Stock futures rose in overnight trading as the market shook off the April sell-off and investors reacted positively to earnings from Meta Platforms.

Futures on the Dow Jones Industrial Average added 70 points or 0.2%. S&P 500 futures gained 0.7% and Nasdaq 100 futures jumped 1.2%.

The moves came as shares of Meta surged more than 18% after hours following a beat on earnings but a miss on revenue, a sign that investors may see signs of relief in the beaten-up tech sector. Shares were down 48% on the year heading into the results.
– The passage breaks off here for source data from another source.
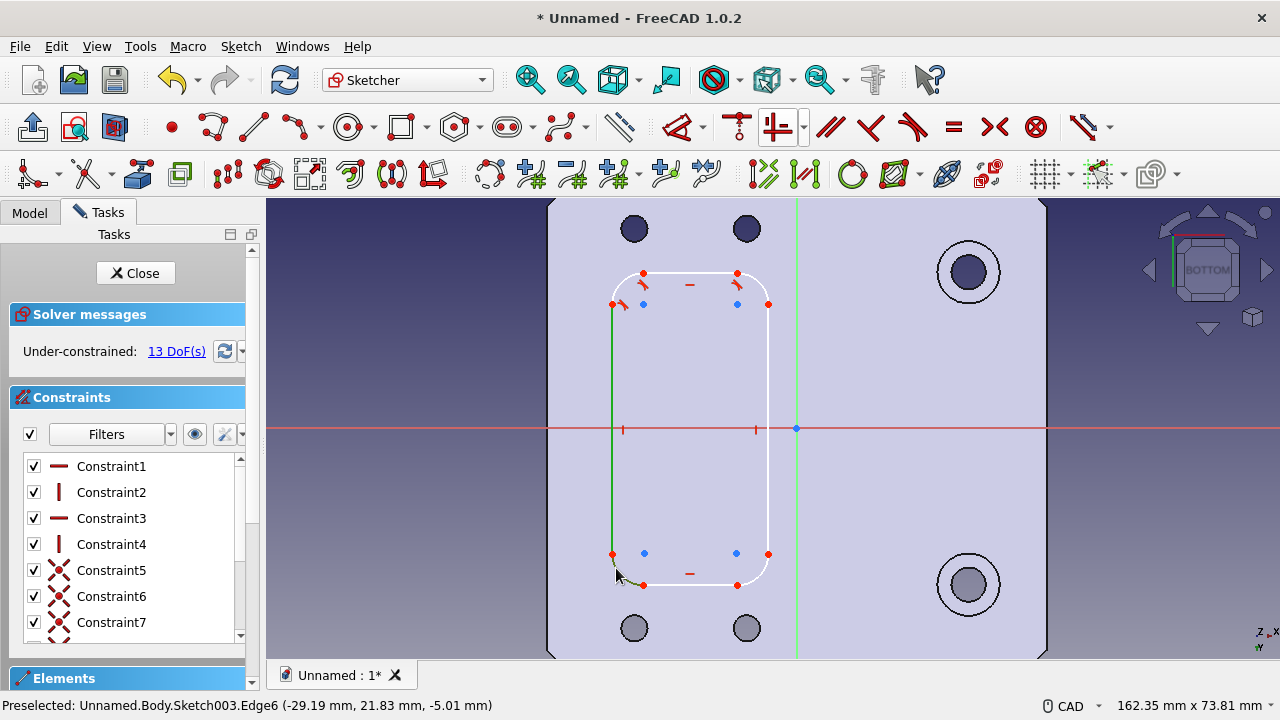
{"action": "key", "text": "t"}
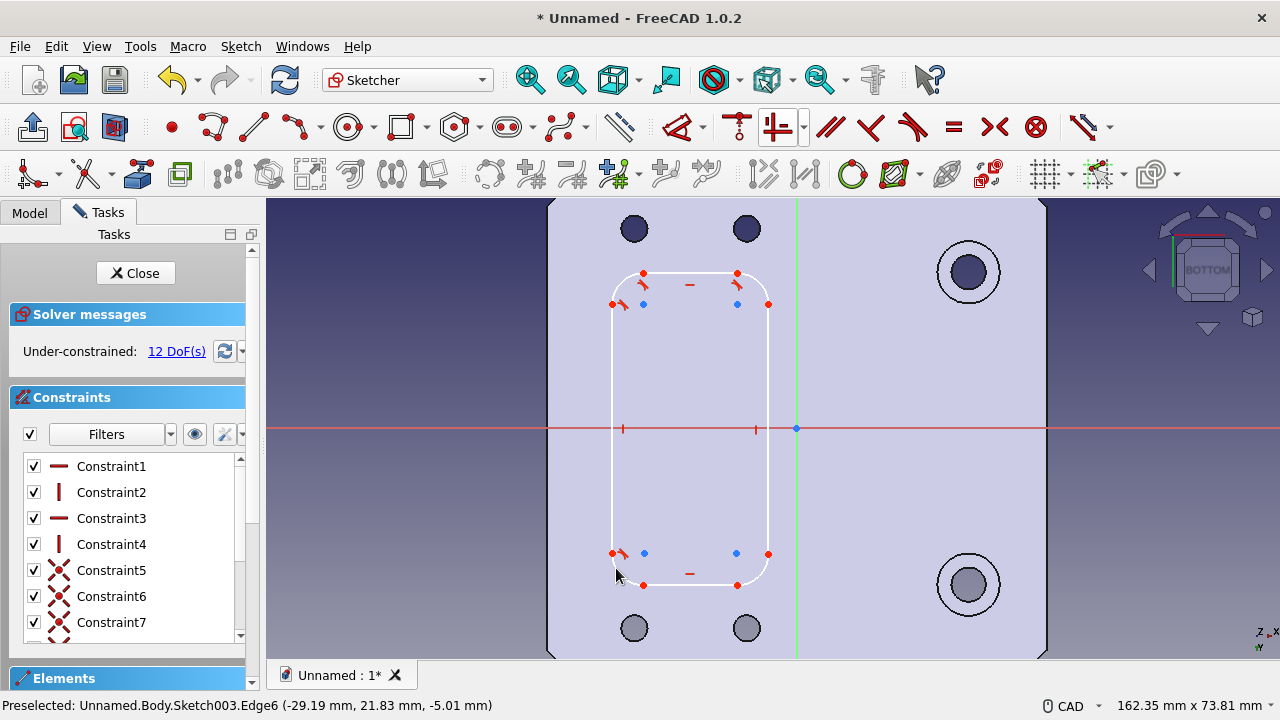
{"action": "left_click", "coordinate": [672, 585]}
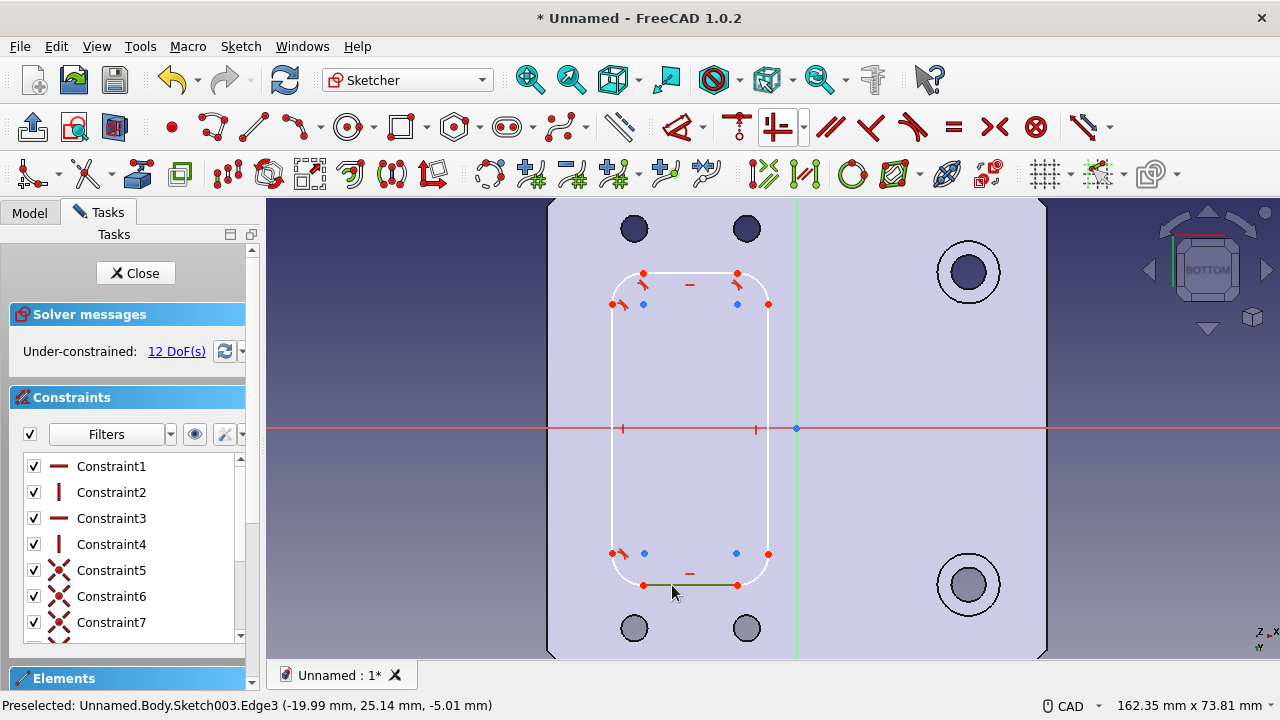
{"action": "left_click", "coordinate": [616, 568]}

Meanwhile, shares of Qualcomm gained 5.6% in extended trading on the back of strong earnings while PayPal rose 5% despite issuing weak guidance for the second quarter.

“I think a lot of people want to believe that earnings are going to pull us out of this, but earnings are not what got us into this,” SoFi’s Liz Young told CNBC’s “Closing Bell: Overtime” on Wednesday. “… But the reality is there are so many macro headwinds still in front of us in the next 60 days that the market is just hard to impress.”

The after-hour activity followed a volatile regular trading session that saw the Nasdaq Composite stoop to its lowest level in 2022, as stocks looked to bounce back from a tech-led April sell-off. The index is down more than 12% since the start of April.

In Wednesday’s regular trading, the tech-heavy Nasdaq ended at 12,488.93, after rising to 1.7% at session highs. The Dow Jones Industrial Average rose 61.75 points, or 0.2%, to 33,301.93 propped up by gains from Visa and Microsoft, while the S&P 500 added 0.2% to 4,183.96.